All of us felt the suction from Wall Street. One day you would get an email saying, 'We will buy no-doc loans at 95% loan-to-value,' and an old-timer like me had never seen one,' says Mr. Barnes. 'It wasn't long before the no-doc emails said 100%.'"
You don't read many accounts like this of businessmen bashing Wall Street in the business press. Could it all have been stopped? Of course, if there were real regulators and rules protecting consumers and the public interest. And if there was a social movement that championed exonomic justice.
And also, if there were investigative journalists like the ones who just wrote a series on the "debacle" of the "debt bomb" in the Journal - but after the collapse, not before. And what do they admit now? That this is NOT just a subprime problem but far more serious and global.

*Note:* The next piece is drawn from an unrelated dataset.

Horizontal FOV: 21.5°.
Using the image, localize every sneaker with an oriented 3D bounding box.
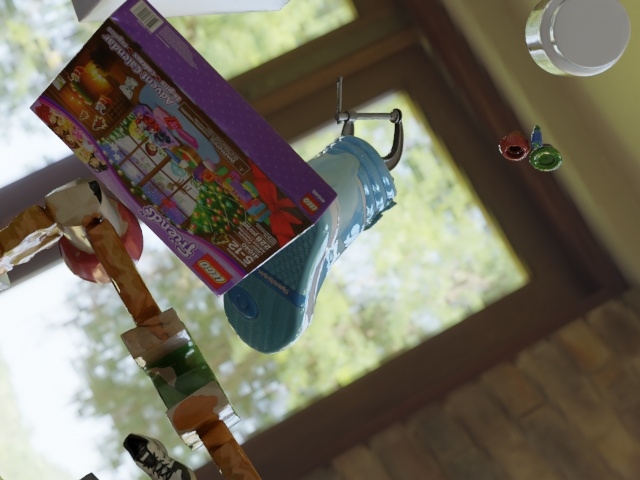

They note that "credit problems once seen as isolated to a few subprime-mortgage lenders are beginning to propagate across markets and borders in unpredicted ways and degrees. A system designed to distribute and absorb risk might, instead, have bred it, by making it so easy for investors to buy complex securities they didn't fully understand. And the interconnectedness of markets could mean that a sudden change in sentiment by investors in all sorts of markets could destabilize the financial system and hurt economic growth."
Will the rest of the media follow up and explain what is really going on?
This is very serious folks, but far too many progressives, activists and politicians alike haven't spoken out about the crime behind this rolling scandal. We should be calling for major debt reform in America, like Bono advocates for Africa. We should demand criminal penalties for the profiteers who started out to enrich themselves and seem to have ended up destroying the very system they misused. We should press the Congress to use its subpoena power to investigate the corporate criminals and their government enablers.
When they propose a bailout, we should demand a "jailout." The Washington Post reports that the US has started a bail out "pumping more than $150 billion into the financial system to keep it operating smoothly." Where is this money coming from? Not from the military budget you can be sure.
Blogger Carolyn Baker writes that we all must become more engaged with these issues saying she is:
"profoundly aware of the role of economic issues-perhaps more than militarism, healthcare, education, politics, or any other institution, in the dead-ahead demise of empire.
I also notice that few in the left-liberal end of the political spectrum have a firm grasp on economic issues which I suspect comes from a fundamental polarization between activism and financial intelligence."
She writes about a book by a conservative named Michael Panzner called "Financial Armageddon" criticizing his analysis as limited, and by extension, many of the left's avoidance of these issues as well.
She writes: "What is most disturbing to me about the book is what appears to be a total lack of perception regarding the role of fraud, theft, and malicious intent in the American and global financial train wreck which has been exacerbating over recent decades."
Indeed! What are we going to do about this? How about starting with becoming more aware?